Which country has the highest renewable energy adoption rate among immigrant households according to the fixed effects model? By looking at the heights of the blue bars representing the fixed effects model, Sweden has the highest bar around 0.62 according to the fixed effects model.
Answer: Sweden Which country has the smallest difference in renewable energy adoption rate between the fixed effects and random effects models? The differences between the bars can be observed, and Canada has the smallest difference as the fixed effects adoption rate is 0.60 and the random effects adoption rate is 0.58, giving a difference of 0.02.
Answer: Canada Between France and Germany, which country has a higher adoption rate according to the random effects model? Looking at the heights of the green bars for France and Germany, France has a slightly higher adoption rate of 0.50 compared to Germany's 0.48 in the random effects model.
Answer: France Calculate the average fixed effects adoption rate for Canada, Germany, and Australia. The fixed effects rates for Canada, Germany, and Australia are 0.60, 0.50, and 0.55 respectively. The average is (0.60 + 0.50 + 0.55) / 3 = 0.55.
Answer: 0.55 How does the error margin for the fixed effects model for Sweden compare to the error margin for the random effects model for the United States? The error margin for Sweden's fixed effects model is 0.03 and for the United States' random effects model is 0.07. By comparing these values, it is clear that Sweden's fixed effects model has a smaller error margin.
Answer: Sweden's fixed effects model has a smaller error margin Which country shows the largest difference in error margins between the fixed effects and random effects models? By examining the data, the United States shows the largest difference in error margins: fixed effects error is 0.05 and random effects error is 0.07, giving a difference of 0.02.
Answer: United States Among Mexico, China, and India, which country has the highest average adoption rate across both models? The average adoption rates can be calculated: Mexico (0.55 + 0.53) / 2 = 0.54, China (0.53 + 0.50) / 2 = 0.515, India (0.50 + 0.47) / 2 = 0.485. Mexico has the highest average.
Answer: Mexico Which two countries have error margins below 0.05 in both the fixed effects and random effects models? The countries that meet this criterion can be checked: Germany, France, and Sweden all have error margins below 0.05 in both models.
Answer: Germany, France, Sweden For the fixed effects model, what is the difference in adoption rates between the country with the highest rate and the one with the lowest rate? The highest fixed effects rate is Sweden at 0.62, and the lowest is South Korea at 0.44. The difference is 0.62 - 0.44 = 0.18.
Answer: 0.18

- - -

» Directions: Using the entries above, quote each line verbatim from the first through the line that contains "Answer: Sweden Which".

» Result:
Which country has the highest renewable energy adoption rate among immigrant households according to the fixed effects model? By looking at the heights of the blue bars representing the fixed effects model, Sweden has the highest bar around 0.62 according to the fixed effects model.
Answer: Sweden Which country has the smallest difference in renewable energy adoption rate between the fixed effects and random effects models? The differences between the bars can be observed, and Canada has the smallest difference as the fixed effects adoption rate is 0.60 and the random effects adoption rate is 0.58, giving a difference of 0.02.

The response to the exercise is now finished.